Hal ini membuat para calon kepala daerah mencari cukong sejak awal menjabat. Ketika terpilih, mereka balas budi dengan memberikan proyek sebagai balas budi biaya politik yang sudah dikeluarkan cukong. Korupsi proyek infrastruktur, perizinan, serta pengisian jabatan menjadi sangat rawan dikorupsi.
Korupsi masif yang terjadi di Sumut juga membuat masyarakat menjadi apatis terhadap pemilu. Pada Pilkada Medan 2020, misalnya, tingkat partisipasi pemilih hanya 46 persen. Pada 2015, partisipasi pemilih Pilkada Medan bahkan hanya 26 persen.

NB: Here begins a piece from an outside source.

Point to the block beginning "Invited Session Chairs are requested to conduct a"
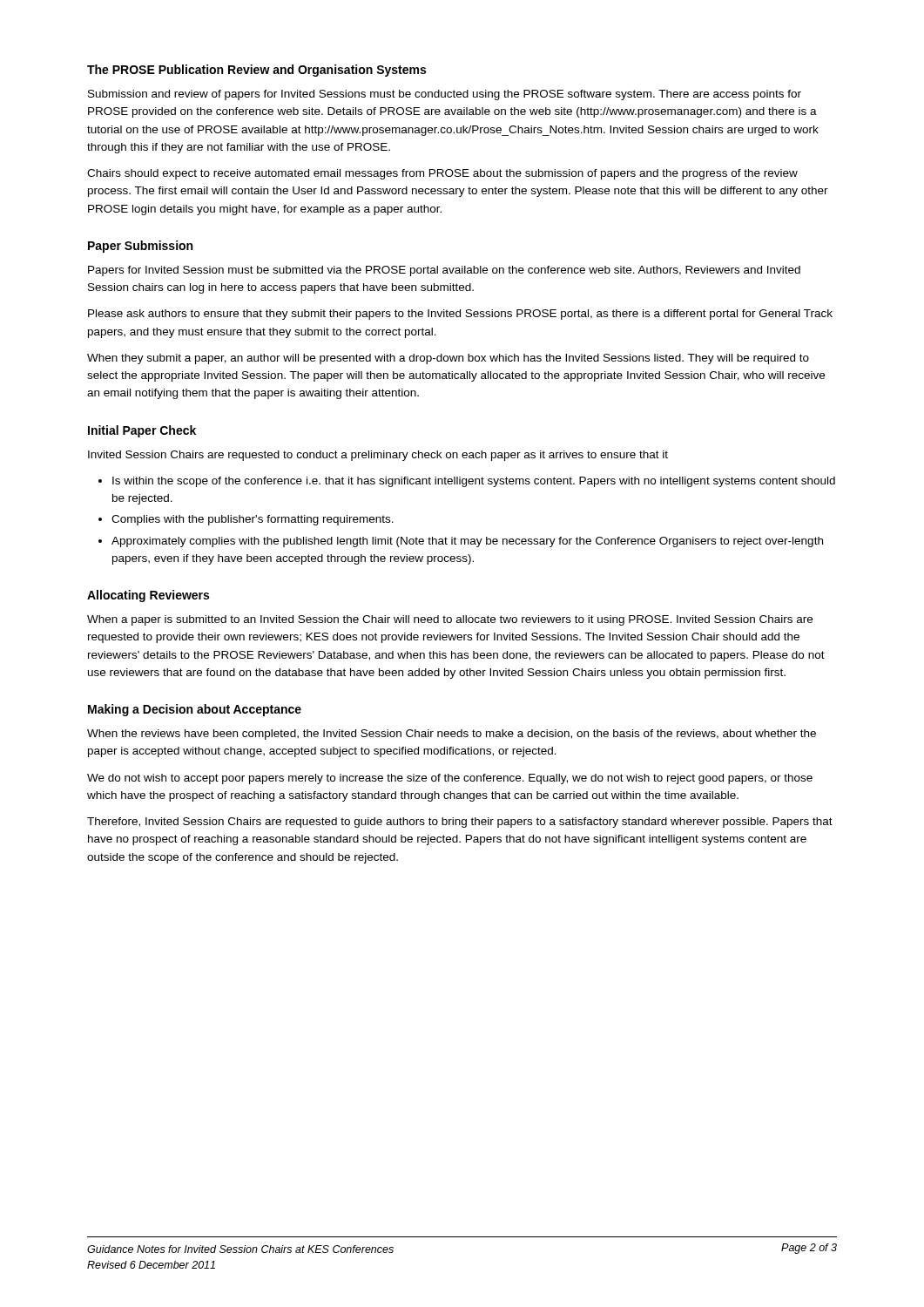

Dalam beberapa kasus, masyarakat juga tampak permisif terhadap mantan narapidana korupsi. Bekas kepala daerah yang terjerat korupsi bahkan masih bisa menjadi caleg DPR RI. Saat bekas bupati Pakpak Bharat Remigo Y Berutu bebas setelah menjalani hukuman pidana korupsi, dia bahkan disambut oleh pendukung, tokoh masyarakat, dan kepala daerah.
Mirza menyebut, sudah hampir 20 tahun penegakan hukum dilakukan terhadap kepala daerah yang korupsi di Sumut. Namun, budaya korupsi di Sumut masih tetap tinggi dan seperti tidak ada titik terang pemberantasan….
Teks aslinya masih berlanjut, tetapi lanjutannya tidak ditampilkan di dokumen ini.